(Data items)

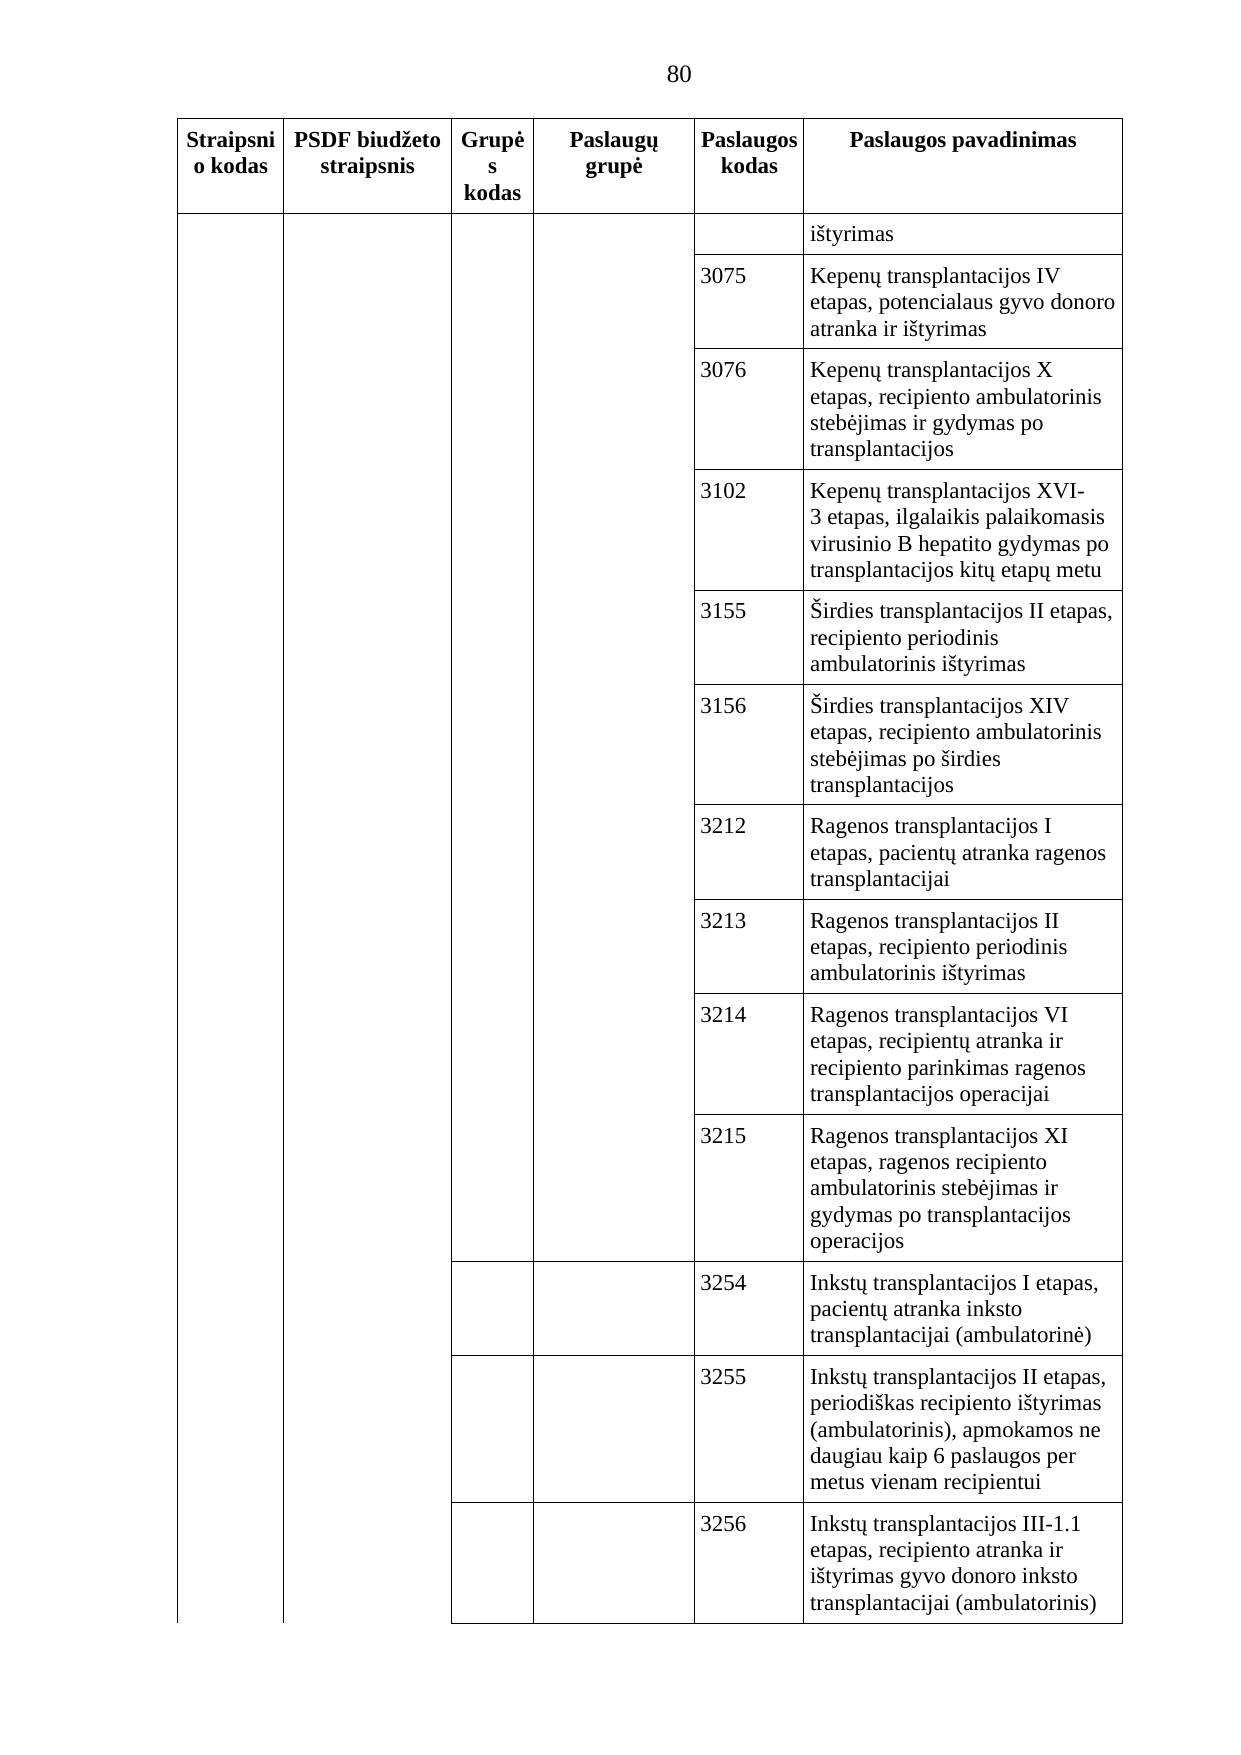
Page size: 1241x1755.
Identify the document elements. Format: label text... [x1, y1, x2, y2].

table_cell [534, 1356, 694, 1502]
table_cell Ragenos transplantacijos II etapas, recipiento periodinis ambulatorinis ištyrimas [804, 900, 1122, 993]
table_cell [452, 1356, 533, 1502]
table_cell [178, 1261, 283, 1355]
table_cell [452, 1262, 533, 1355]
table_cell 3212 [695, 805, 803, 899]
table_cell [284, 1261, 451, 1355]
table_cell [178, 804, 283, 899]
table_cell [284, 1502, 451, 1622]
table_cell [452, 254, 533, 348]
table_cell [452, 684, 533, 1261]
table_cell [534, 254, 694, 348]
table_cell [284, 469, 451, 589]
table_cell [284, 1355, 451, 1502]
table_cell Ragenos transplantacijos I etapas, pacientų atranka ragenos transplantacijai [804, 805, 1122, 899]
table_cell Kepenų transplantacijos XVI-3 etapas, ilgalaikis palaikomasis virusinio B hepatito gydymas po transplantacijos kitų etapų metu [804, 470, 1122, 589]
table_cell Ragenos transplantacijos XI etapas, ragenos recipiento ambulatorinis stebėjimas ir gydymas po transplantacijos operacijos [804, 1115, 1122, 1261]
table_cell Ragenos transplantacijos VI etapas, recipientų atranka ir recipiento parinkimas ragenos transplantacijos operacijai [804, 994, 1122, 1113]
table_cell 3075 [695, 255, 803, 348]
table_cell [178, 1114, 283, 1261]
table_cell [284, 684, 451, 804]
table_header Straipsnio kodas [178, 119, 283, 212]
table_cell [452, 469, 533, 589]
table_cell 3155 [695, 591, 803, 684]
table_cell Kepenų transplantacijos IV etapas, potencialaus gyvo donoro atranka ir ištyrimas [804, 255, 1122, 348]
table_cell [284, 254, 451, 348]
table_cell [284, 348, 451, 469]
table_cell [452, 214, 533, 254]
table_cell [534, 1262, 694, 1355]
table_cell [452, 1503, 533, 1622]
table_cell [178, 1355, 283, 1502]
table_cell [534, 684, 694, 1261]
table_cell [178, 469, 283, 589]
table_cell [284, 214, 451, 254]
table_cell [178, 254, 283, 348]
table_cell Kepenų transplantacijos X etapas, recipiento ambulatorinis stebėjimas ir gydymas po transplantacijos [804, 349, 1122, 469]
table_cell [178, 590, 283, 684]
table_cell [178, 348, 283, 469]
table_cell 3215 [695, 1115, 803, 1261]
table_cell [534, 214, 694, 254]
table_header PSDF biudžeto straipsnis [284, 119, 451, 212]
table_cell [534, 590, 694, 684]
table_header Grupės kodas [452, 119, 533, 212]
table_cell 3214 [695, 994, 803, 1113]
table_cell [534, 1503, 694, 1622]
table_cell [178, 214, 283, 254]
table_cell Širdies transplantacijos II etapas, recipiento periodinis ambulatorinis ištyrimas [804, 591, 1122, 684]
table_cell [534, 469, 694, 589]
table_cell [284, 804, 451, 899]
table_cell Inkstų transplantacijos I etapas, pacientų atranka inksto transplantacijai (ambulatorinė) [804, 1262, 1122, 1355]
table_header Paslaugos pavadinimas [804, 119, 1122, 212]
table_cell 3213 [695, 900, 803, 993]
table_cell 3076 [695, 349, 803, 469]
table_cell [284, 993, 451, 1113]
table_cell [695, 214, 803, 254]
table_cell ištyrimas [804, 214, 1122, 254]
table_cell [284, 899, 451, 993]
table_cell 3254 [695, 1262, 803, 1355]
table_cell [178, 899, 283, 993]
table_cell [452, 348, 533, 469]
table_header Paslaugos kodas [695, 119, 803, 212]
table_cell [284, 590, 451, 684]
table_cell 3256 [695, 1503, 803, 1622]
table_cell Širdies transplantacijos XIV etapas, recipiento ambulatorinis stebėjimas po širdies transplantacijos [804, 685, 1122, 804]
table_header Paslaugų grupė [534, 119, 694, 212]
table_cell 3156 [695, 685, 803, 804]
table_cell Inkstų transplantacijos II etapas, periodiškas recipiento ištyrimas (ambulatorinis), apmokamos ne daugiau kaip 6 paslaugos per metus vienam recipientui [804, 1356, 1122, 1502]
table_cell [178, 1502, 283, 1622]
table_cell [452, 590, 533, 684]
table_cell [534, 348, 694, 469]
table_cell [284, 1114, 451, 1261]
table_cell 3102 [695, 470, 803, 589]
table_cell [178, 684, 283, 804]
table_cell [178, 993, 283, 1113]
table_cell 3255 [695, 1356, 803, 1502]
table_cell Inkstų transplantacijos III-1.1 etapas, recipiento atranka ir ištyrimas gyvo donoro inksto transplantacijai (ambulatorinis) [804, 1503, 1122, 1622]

> Try it:
Only these lines should appear in the reply: the one containing "table_cell [452, 348, 533, 469]", the last line of the data, and all lines between them, each copied exactly.

> Written reply:
table_cell [452, 348, 533, 469]
table_header Paslaugos kodas [695, 119, 803, 212]
table_cell [284, 590, 451, 684]
table_cell 3256 [695, 1503, 803, 1622]
table_cell Širdies transplantacijos XIV etapas, recipiento ambulatorinis stebėjimas po širdies transplantacijos [804, 685, 1122, 804]
table_header Paslaugų grupė [534, 119, 694, 212]
table_cell 3156 [695, 685, 803, 804]
table_cell Inkstų transplantacijos II etapas, periodiškas recipiento ištyrimas (ambulatorinis), apmokamos ne daugiau kaip 6 paslaugos per metus vienam recipientui [804, 1356, 1122, 1502]
table_cell [178, 1502, 283, 1622]
table_cell [452, 590, 533, 684]
table_cell [534, 348, 694, 469]
table_cell [284, 1114, 451, 1261]
table_cell 3102 [695, 470, 803, 589]
table_cell [178, 684, 283, 804]
table_cell [178, 993, 283, 1113]
table_cell 3255 [695, 1356, 803, 1502]
table_cell Inkstų transplantacijos III-1.1 etapas, recipiento atranka ir ištyrimas gyvo donoro inksto transplantacijai (ambulatorinis) [804, 1503, 1122, 1622]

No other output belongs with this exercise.